Condition or disease Intervention/treatment Phase
Stroke, Acute Drug: Nerinetide (NA-1), 2.6 mg/kg Drug: Placebo Phase 3

Detailed Description:

Trial Objectives:

The primary objective is to determine the efficacy of the neuroprotectant, Nerinetide, in reducing global disability in subjects with major acute ischemic stroke (AIS) with a small established infarct core and with good collateral circulation selected for rapid endovascular revascularization.

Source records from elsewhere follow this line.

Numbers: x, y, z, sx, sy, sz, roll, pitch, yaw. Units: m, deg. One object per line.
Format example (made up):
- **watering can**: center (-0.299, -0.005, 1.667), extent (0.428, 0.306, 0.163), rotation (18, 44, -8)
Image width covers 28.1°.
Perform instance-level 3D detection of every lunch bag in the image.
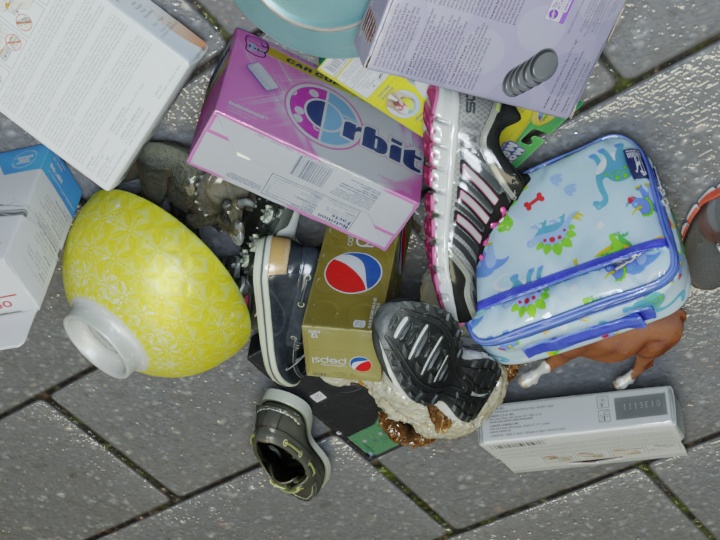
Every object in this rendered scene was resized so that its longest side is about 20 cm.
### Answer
- **lunch bag**: center (0.176, -0.013, 1.237), extent (0.199, 0.162, 0.082), rotation (-19, 150, 17)

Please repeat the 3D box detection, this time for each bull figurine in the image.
- **bull figurine**: center (0.213, 0.059, 1.357), extent (0.198, 0.066, 0.122), rotation (8, 142, -25)

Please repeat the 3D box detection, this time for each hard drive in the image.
- **hard drive**: center (0.000, 0.108, 1.479), extent (0.139, 0.038, 0.200), rotation (-29, 123, 31)

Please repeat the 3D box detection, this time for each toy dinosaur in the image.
- **toy dinosaur**: center (-0.162, -0.079, 1.305), extent (0.199, 0.077, 0.103), rotation (32, 136, 22)

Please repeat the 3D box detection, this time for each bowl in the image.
- **bowl**: center (-0.209, 0.035, 1.327), extent (0.199, 0.108, 0.201), rotation (30, 149, 20)

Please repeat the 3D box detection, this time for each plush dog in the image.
- **plush dog**: center (0.082, 0.103, 1.376), extent (0.199, 0.161, 0.172), rotation (-33, 148, 10)

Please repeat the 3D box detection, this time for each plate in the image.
- **plate**: center (-0.031, -0.251, 1.106), extent (0.198, 0.026, 0.202), rotation (10, 126, 15)

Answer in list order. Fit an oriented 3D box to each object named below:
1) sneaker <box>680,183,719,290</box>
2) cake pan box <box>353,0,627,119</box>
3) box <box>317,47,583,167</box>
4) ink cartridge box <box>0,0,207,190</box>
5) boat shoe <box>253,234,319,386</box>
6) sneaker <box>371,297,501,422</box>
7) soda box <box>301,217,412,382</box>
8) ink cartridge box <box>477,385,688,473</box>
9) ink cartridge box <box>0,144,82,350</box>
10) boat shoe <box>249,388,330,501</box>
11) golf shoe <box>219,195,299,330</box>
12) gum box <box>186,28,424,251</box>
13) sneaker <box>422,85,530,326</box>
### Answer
- **sneaker**: center (0.345, -0.039, 1.256), extent (0.077, 0.082, 0.200), rotation (21, 133, -13)
- **cake pan box**: center (0.112, -0.225, 1.077), extent (0.183, 0.052, 0.201), rotation (8, 123, -22)
- **box**: center (0.078, -0.164, 1.198), extent (0.199, 0.049, 0.117), rotation (32, 129, -19)
- **ink cartridge box**: center (-0.251, -0.187, 1.226), extent (0.200, 0.050, 0.162), rotation (39, 124, -3)
- **boat shoe**: center (-0.059, 0.042, 1.317), extent (0.062, 0.075, 0.201), rotation (1, 141, 3)
- **sneaker**: center (0.047, 0.071, 1.185), extent (0.079, 0.074, 0.200), rotation (27, 172, 29)
- **soda box**: center (0.000, 0.000, 1.258), extent (0.067, 0.201, 0.064), rotation (4, 135, 9)
- **ink cartridge box**: center (0.236, 0.168, 1.494), extent (0.198, 0.044, 0.174), rotation (-8, 162, 15)
- **ink cartridge box**: center (-0.335, -0.019, 1.287), extent (0.115, 0.201, 0.067), rotation (-10, 132, 17)
- **boat shoe**: center (-0.079, 0.201, 1.541), extent (0.071, 0.061, 0.202), rotation (14, 148, 16)
- **golf shoe**: center (-0.080, -0.016, 1.358), extent (0.087, 0.078, 0.201), rotation (3, 142, -20)
- **gum box**: center (-0.036, -0.109, 1.218), extent (0.199, 0.114, 0.066), rotation (24, 133, -15)
- **sneaker**: center (0.097, -0.054, 1.179), extent (0.087, 0.074, 0.202), rotation (-2, 98, -3)
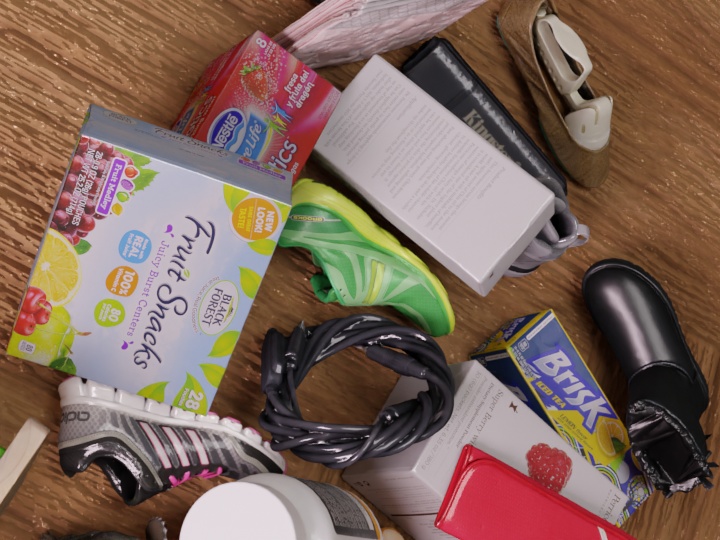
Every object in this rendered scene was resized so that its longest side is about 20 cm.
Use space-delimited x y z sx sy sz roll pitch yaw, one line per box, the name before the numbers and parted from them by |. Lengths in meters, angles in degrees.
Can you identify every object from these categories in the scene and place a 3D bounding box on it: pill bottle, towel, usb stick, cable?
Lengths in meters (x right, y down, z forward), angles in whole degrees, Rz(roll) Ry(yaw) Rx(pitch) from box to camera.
pill bottle | -0.061 0.219 1.498 0.200 0.116 0.117 30 59 -69
towel | 0.025 -0.217 1.639 0.200 0.191 0.032 -17 86 -33
usb stick | 0.115 -0.131 1.768 0.055 0.033 0.200 -42 107 3
cable | -0.002 0.103 1.569 0.163 0.200 0.051 4 119 -7

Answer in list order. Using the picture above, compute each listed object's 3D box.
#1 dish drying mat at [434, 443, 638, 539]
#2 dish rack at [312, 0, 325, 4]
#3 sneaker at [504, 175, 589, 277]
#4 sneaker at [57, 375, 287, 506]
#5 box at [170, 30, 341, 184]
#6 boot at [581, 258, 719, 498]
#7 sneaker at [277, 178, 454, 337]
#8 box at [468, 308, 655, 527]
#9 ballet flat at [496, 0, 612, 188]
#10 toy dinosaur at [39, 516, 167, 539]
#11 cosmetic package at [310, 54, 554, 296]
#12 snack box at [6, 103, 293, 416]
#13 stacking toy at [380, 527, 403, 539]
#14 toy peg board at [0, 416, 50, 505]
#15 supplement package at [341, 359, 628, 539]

The secondary objectives are to determine the efficacy of Nerinetide in:

  • Reducing functional dependence
  • Improving neurological outcome
  • Improving activities of daily living
  • Reducing mortality rate The leading safety objectives are to determine the effect of administering a dose of 2.6 mg/kg (up to a maximum dose of 270 mg) intravenous (IV) infusion of Nerinetide to subject with acute stroke who are selected for endovascular revascularization on serious adverse events (SAEs) and 90-day mortality.

Trial Design:

This study is a Phase 3, randomized, multicentre, blinded, placebo-controlled, parallel group, single-dose design. Subjects harboring an acute ischemic stroke and who are selected for endovascular revascularization in accordance with local institutional practices and who harbor a small established infarct core and with good collateral circulation will be given a single, 2.6 mg/kg (up to a maximum dose of 270 mg) intravenous dose of Nerinetide (NA-1) or placebo as soon as they are deemed to have met the enrollment criteria and with the intention of starting administration within 30 minutes of randomization. The randomization will be by stochastic minimization to balance baseline factors.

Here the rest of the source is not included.